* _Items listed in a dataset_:
* * * * * * *

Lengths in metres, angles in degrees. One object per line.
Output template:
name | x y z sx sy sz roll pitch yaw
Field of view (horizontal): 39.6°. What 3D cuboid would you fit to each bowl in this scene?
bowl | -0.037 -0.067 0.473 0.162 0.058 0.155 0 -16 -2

* * * * * * *

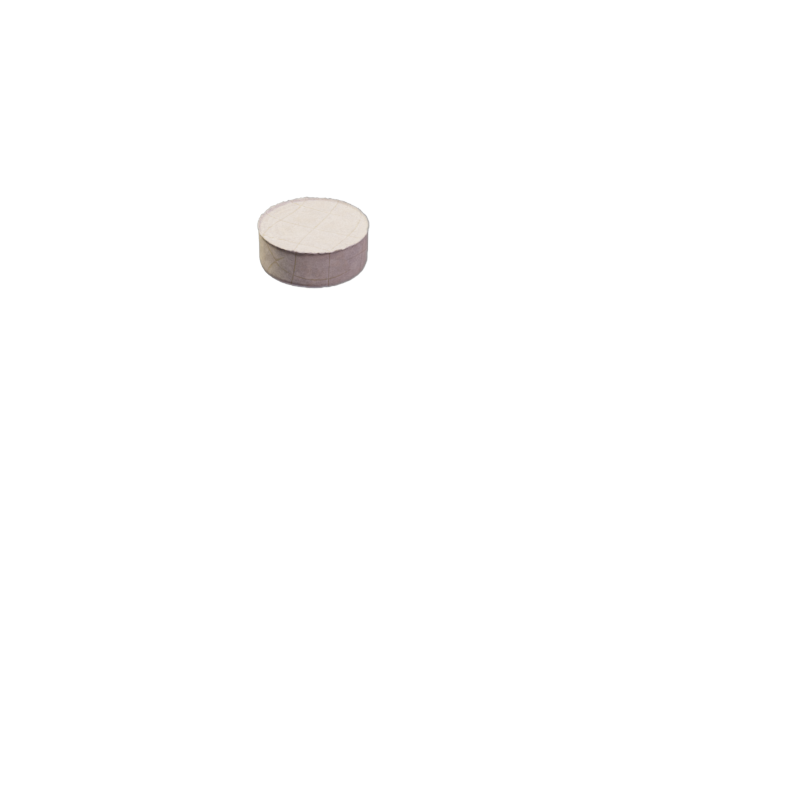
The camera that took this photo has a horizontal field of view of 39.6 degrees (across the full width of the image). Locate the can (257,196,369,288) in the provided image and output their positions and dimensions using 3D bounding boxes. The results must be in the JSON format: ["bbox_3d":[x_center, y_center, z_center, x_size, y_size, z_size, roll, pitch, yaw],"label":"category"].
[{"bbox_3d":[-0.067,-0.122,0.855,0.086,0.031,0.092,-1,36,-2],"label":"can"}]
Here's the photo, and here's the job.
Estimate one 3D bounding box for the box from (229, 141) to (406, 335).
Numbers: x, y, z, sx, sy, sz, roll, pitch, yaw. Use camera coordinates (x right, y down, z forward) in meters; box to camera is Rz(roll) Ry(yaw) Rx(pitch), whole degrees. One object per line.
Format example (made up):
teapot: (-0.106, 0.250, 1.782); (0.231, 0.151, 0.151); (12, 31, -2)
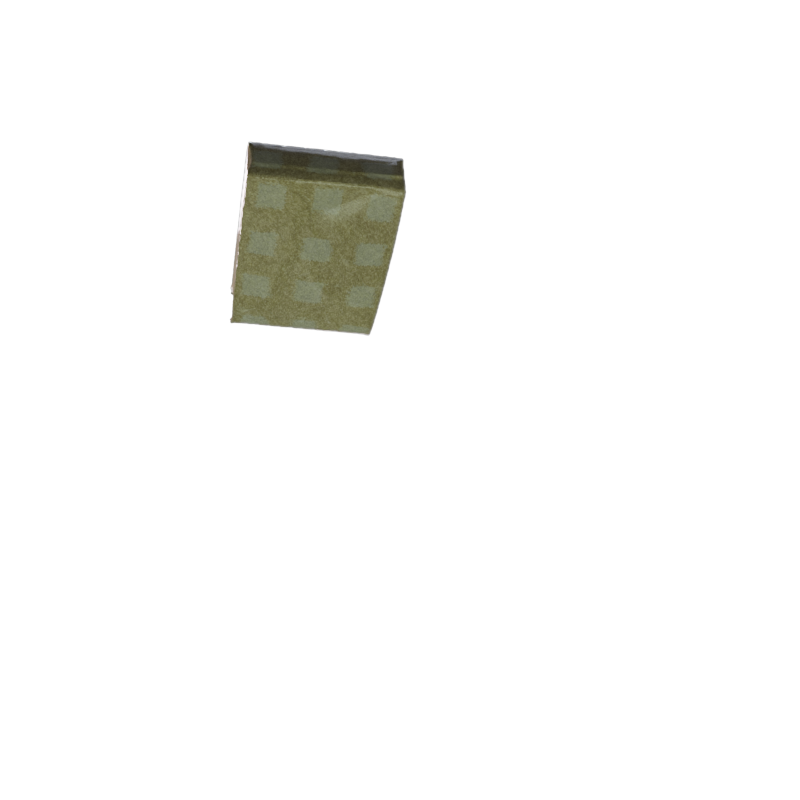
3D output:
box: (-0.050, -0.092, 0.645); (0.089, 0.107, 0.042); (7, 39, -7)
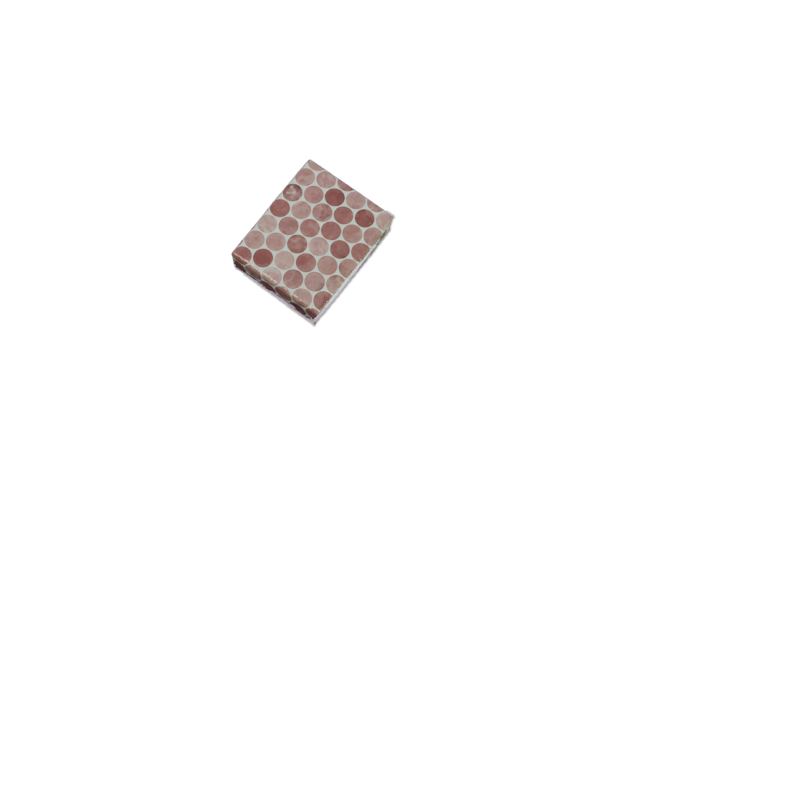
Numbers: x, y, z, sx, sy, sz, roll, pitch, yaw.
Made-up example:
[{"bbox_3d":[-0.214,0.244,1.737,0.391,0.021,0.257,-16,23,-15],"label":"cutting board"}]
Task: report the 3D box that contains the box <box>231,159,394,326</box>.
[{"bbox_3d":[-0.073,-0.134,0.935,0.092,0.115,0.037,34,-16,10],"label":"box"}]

* * * * * * *

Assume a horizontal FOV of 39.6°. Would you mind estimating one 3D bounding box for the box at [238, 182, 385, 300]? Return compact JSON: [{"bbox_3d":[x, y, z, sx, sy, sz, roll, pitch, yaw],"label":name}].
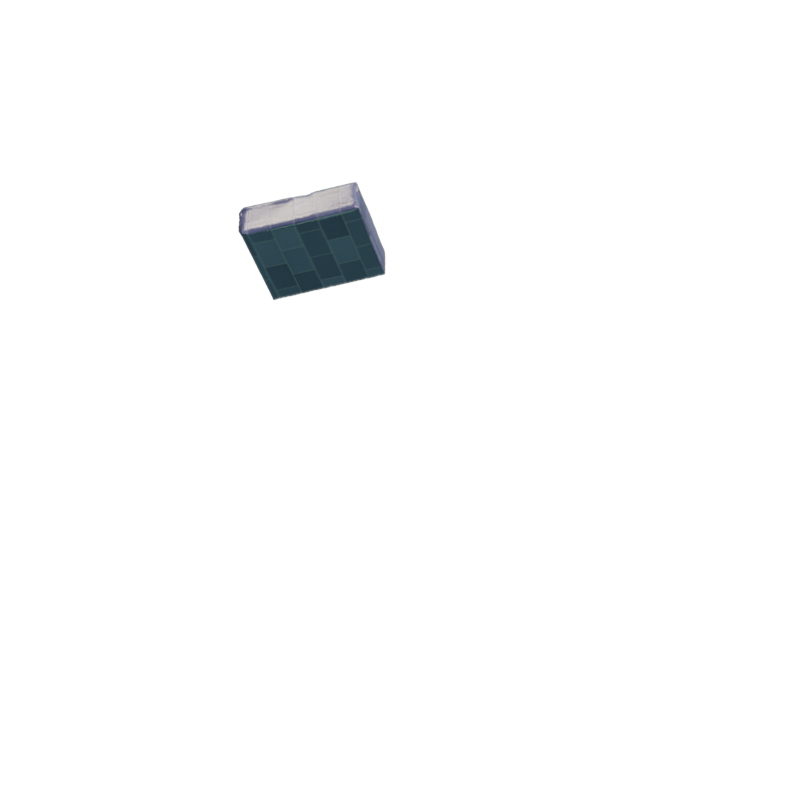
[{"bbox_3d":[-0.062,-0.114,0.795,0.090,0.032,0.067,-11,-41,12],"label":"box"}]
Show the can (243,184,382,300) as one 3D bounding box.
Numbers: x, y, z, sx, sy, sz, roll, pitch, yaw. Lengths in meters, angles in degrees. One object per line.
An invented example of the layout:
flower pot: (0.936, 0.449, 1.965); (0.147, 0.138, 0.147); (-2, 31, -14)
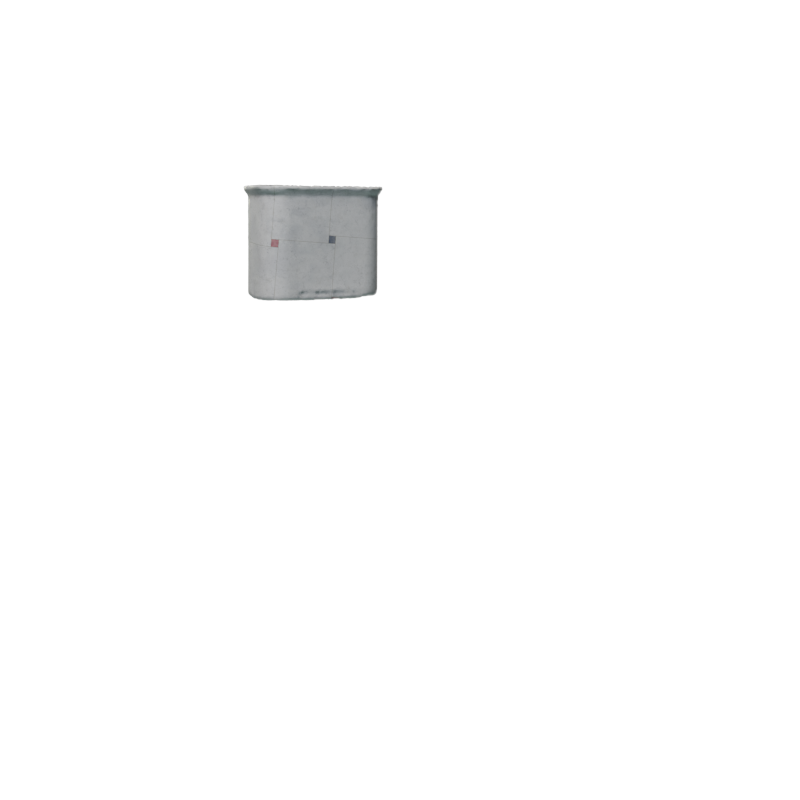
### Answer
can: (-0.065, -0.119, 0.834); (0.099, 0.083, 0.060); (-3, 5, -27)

* * * * * * *

* _WORK INSTRUCTIONS_:
A bare number is required: the count of lines above with the string "angles".

* _WRITTEN SOLUTION_:
2